Bernardo Mello Franco
O Globo
Para Fernando Henrique Cardoso, o Brasil se aproxima da eleição mergulhado num clima de ódio e de medo. O ex-presidente se diz assustado com a possibilidade de Jair Bolsonaro (PSL) chegar ao segundo turno. Neste caso, ele admite a hipótese de um acordo entre PSDB e PT, algo inédito desde 1989, quando os dois partidos se uniram contra Fernando Collor. “Não farei objeção a que o PT nos apoie. Naturalmente, isso significa também que não haveria objeção ao contrário. Mas nós pensamos de forma diferente” — ressalta.
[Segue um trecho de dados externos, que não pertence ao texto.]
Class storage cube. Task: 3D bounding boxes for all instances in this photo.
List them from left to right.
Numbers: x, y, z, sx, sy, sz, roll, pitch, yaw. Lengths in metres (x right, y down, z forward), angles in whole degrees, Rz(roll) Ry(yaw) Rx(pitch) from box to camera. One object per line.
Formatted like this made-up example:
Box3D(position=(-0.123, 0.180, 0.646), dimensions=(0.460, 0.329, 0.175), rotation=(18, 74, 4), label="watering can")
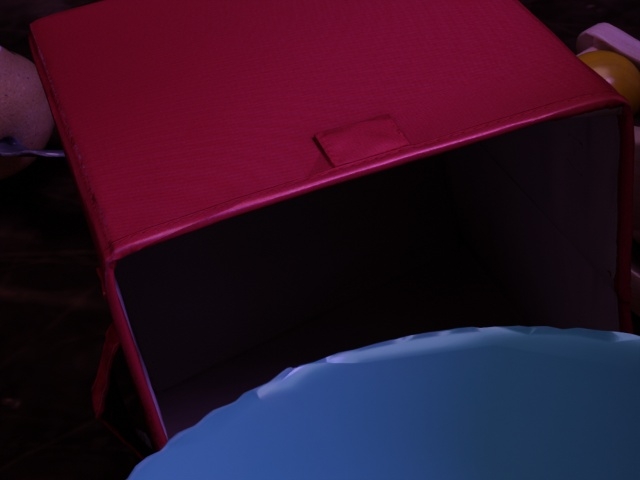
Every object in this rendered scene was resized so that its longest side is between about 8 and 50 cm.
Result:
Box3D(position=(0.000, 0.000, 0.573), dimensions=(0.215, 0.184, 0.193), rotation=(-17, 36, -9), label="storage cube")

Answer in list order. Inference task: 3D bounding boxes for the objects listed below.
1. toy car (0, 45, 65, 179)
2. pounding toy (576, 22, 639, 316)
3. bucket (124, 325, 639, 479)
Box3D(position=(-0.203, -0.093, 0.791), dimensions=(0.188, 0.149, 0.155), rotation=(19, 33, 15), label="toy car")
Box3D(position=(0.170, -0.008, 0.580), dimensions=(0.155, 0.154, 0.269), rotation=(-31, 42, -28), label="pounding toy")
Box3D(position=(0.053, 0.166, 0.346), dimensions=(0.281, 0.183, 0.281), rotation=(-5, 37, 4), label="bucket")

Aos 87 anos, FHC acaba de entrar no Twitter. O tucano promete usar o próprio celular para conversar com os eleitores. Na sexta, um jovem quis saber o que ele pensou quando o ex-jogador Vampeta deu cambalhotas no Palácio do Planalto. “Pensei que ele fosse cair da rampa!” — respondeu.
Desde 1989, um candidato do PSDB não vai tão mal nas pesquisas. Por que Geraldo Alckmin não decola?
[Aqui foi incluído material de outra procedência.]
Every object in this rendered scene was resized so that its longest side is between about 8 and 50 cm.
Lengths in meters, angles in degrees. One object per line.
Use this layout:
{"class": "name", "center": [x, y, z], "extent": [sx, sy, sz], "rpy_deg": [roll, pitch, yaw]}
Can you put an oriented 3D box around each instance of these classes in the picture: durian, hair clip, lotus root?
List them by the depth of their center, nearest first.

A mídia presta atenção em tudo o que é novo ou extravagante. Quando surgiu o Bolsonaro, eu disse: “Vai subir”. Até que o Geraldo ultrapasse a poeira, é difícil. Mas ele sempre ultrapassou. Em abril de 1994, eu virei candidato. Em maio, falei com a Ruth: “Vou desistir”. Eu tinha 12%, o Lula tinha 40%. As pessoas não acreditavam. Em agosto, comecei a crescer. Em outubro, ganhei no primeiro turno. É claro que tinha o Plano Real. Mas não é só o que você faz. É o que você fala. Tem que cacarejar.
Alckmin cacareja pouco?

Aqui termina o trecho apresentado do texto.